* ASSIGNED TASK
Transcribe the full listing below, word for word, without pictures.

* GIVEN ENTRIES
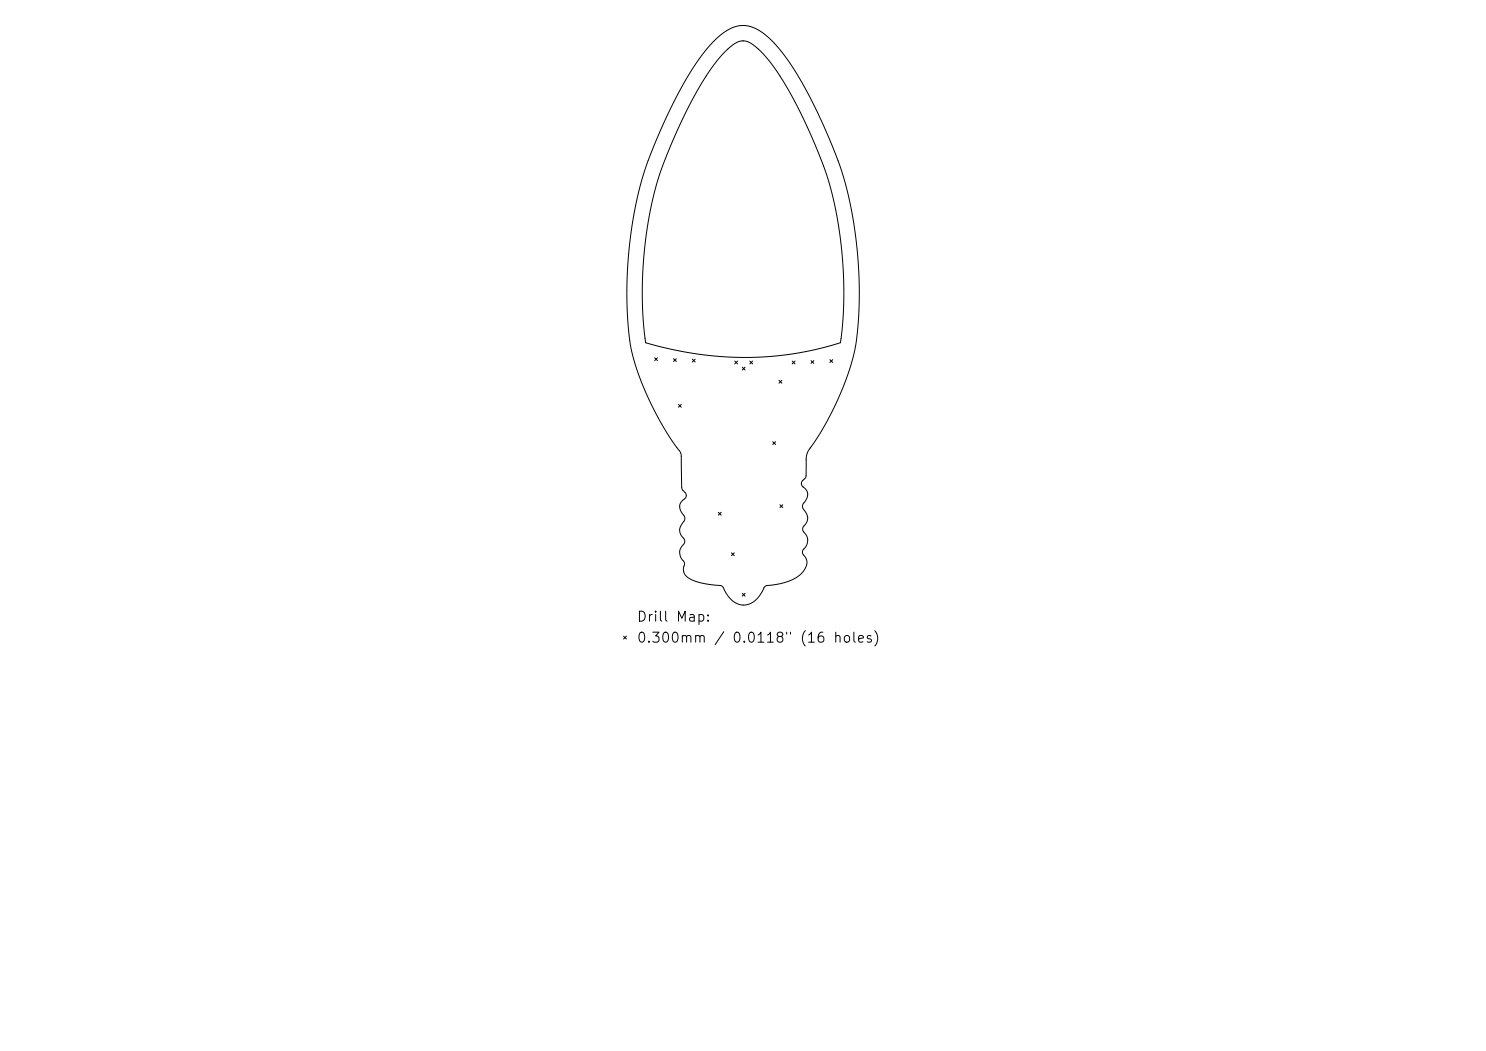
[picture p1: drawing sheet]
<svg xmlns="http://www.w3.org/2000/svg" width="297mm" height="210mm" viewBox="0 0 297 210" stroke-linecap="round" stroke-linejoin="round" font-family="sans-serif">
<defs><g id="words">
<g font-size="2">
<text x="127.1" y="124.7">Drill Map:</text>
<text x="127.1" y="128.9">0.300mm / 0.0118&quot; (16 holes)</text>
</g>
</g></defs>
<g fill="none" stroke="#000" stroke-width=".2">
<path d="M142.7 8.2l2.1-1.8 1.9-1 1.9-.3 1.8 .3 2 1.1 2.1 1.8 2.1 2.6 2.2 3.2 2.5 4.3 2.5 5 2.6 5.8 1.8 5 1.3 4.4 1 5 .7 5.1 .4 5.3 .1 5.1-.1 4.9-.5 4.4-.7 3.4-1.5 4.6-2.2 5-2.4 4.5-2.9 4.5-.3 1.1v3.7l-.9 1.3 .1 .5 .9 .9 .2 .8-.1 .9-.8 1.1-.1 .5 .1 .4 .8 1.2 .1 .6-.1 .9-.8 1-.1 .4 .1 .4 .7 .9 .2 .7-.2 1.2-.7 1-.1 .4 .1 .4 .7 1.2v1.1l-1 1.6-1.7 1.1-2.2 .9-3.3 .5-1.1 1.8-.9 1-1.1 .7-1.1 .3-1.3-.2-1.1-.7-1-1-1.2-1.9-3.1-.4-2.1-.5-1.5-.8-.8-.9-.1-.9 .2-1.1-.8-1.2-.2-1.1 .3-.7 .7-1 .1-.4-.9-1.3-.2-.9 .2-.7 .8-1.2 .1-.5-.9-1.5-.2-.9 .3-.7 .9-.9 .2-.5-.2-.4-.6-.7-.1-.4-.2-6.7-.2-.6-2.4-3.4-1.9-3.3-2-3.8-1.6-3.8-1.1-3.3-.8-3-.4-2.9-.3-3.8-.1-7.3 .6-7.4 1.2-7.2 1.6-6.6 3.1-7.9 3.8-8 3.7-6 1.7-2.4zM144.9 10.3l2.2-1.7 .8-.4h.9l.8 .2 .9 .5 2.3 2.1 2.6 3.5 2.8 4.6 2.9 5.8 2.8 6.4 1.4 3.9 1.2 4.2 .9 4.7 .7 5 .4 5.1 .2 5-.2 4.9-.5 4.4-4.7 1.3-4.7 .9-4.8 .5-4.8 .2-4.9-.2-5-.5-5-.9-5-1.3-.5-3.4-.2-4 .1-8 .9-8.1 .8-3.9 .8-3.6 1.1-3.4 1.5-3.8 2-4.7 2-4.2 1.9-3.6 1.9-3 1.8-2.5zM130.8 71.5l.6 .6M131.4 71.5l-.6 .6M134.6 71.7l.6 .5M135.2 71.7l-.6 .5M138.4 71.8l.5 .5M138.9 71.8l-.5 .5M146.8 72.1l.6 .6M147.4 72.1l-.6 .6M148.4 73.4l.5 .5M148.9 73.4l-.5 .5"/>
<path d="M149.9 72.1l.5 .6M150.4 72.1l-.5 .6M155.7 76l.6 .6M156.3 76l-.6 .6M158.3 72.1l.6 .6M158.9 72.1l-.6 .6M162.1 72.1l.6 .5M162.7 72.1l-.6 .5M165.9 71.9l.5 .5M166.4 71.9l-.5 .5M135.6 80.8l.6 .6M136.2 80.8l-.6 .6"/>
<path d="M154.4 88.3l.6 .5M155 88.3l-.6 .5M143.6 102.4l.5 .5M144.1 102.4l-.5 .5M146.2 110.5l.6 .5M146.8 110.5l-.6 .5M148.4 118.6l.5 .5M148.9 118.6l-.5 .5M155.9 100.9l.5 .5M156.4 100.9l-.5 .5M124.6 127.1l.6 .6M125.2 127.1l-.6 .6"/>
</g>
<use href="#words"/>
</svg>

* RESPONSE AREA
[picture p1: drawing sheet]
<svg xmlns="http://www.w3.org/2000/svg" width="297mm" height="210mm" viewBox="0 0 297 210" stroke-linecap="round" stroke-linejoin="round" font-family="sans-serif">
<defs><g id="words">
<g font-size="2">
<text x="127.1" y="124.7">Drill Map:</text>
<text x="127.1" y="128.9">0.300mm / 0.0118&quot; (16 holes)</text>
</g>
</g></defs>
<g fill="none" stroke="#000" stroke-width=".2">
<path d="M142.7 8.2l2.1-1.8 1.9-1 1.9-.3 1.8 .3 2 1.1 2.1 1.8 2.1 2.6 2.2 3.2 2.5 4.3 2.5 5 2.6 5.8 1.8 5 1.3 4.4 1 5 .7 5.1 .4 5.3 .1 5.1-.1 4.9-.5 4.4-.7 3.4-1.5 4.6-2.2 5-2.4 4.5-2.9 4.5-.3 1.1v3.7l-.9 1.3 .1 .5 .9 .9 .2 .8-.1 .9-.8 1.1-.1 .5 .1 .4 .8 1.2 .1 .6-.1 .9-.8 1-.1 .4 .1 .4 .7 .9 .2 .7-.2 1.2-.7 1-.1 .4 .1 .4 .7 1.2v1.1l-1 1.6-1.7 1.1-2.2 .9-3.3 .5-1.1 1.8-.9 1-1.1 .7-1.1 .3-1.3-.2-1.1-.7-1-1-1.2-1.9-3.1-.4-2.1-.5-1.5-.8-.8-.9-.1-.9 .2-1.1-.8-1.2-.2-1.1 .3-.7 .7-1 .1-.4-.9-1.3-.2-.9 .2-.7 .8-1.2 .1-.5-.9-1.5-.2-.9 .3-.7 .9-.9 .2-.5-.2-.4-.6-.7-.1-.4-.2-6.7-.2-.6-2.4-3.4-1.9-3.3-2-3.8-1.6-3.8-1.1-3.3-.8-3-.4-2.9-.3-3.8-.1-7.3 .6-7.4 1.2-7.2 1.6-6.6 3.1-7.9 3.8-8 3.7-6 1.7-2.4zM144.9 10.3l2.2-1.7 .8-.4h.9l.8 .2 .9 .5 2.3 2.1 2.6 3.5 2.8 4.6 2.9 5.8 2.8 6.4 1.4 3.9 1.2 4.2 .9 4.7 .7 5 .4 5.1 .2 5-.2 4.9-.5 4.4-4.7 1.3-4.7 .9-4.8 .5-4.8 .2-4.9-.2-5-.5-5-.9-5-1.3-.5-3.4-.2-4 .1-8 .9-8.1 .8-3.9 .8-3.6 1.1-3.4 1.5-3.8 2-4.7 2-4.2 1.9-3.6 1.9-3 1.8-2.5zM130.8 71.5l.6 .6M131.4 71.5l-.6 .6M134.6 71.7l.6 .5M135.2 71.7l-.6 .5M138.4 71.8l.5 .5M138.9 71.8l-.5 .5M146.8 72.1l.6 .6M147.4 72.1l-.6 .6M148.4 73.4l.5 .5M148.9 73.4l-.5 .5"/>
<path d="M149.9 72.1l.5 .6M150.4 72.1l-.5 .6M155.7 76l.6 .6M156.3 76l-.6 .6M158.3 72.1l.6 .6M158.9 72.1l-.6 .6M162.1 72.1l.6 .5M162.7 72.1l-.6 .5M165.9 71.9l.5 .5M166.4 71.9l-.5 .5M135.6 80.8l.6 .6M136.2 80.8l-.6 .6"/>
<path d="M154.4 88.3l.6 .5M155 88.3l-.6 .5M143.6 102.4l.5 .5M144.1 102.4l-.5 .5M146.2 110.5l.6 .5M146.8 110.5l-.6 .5M148.4 118.6l.5 .5M148.9 118.6l-.5 .5M155.9 100.9l.5 .5M156.4 100.9l-.5 .5M124.6 127.1l.6 .6M125.2 127.1l-.6 .6"/>
</g>
<use href="#words"/>
</svg>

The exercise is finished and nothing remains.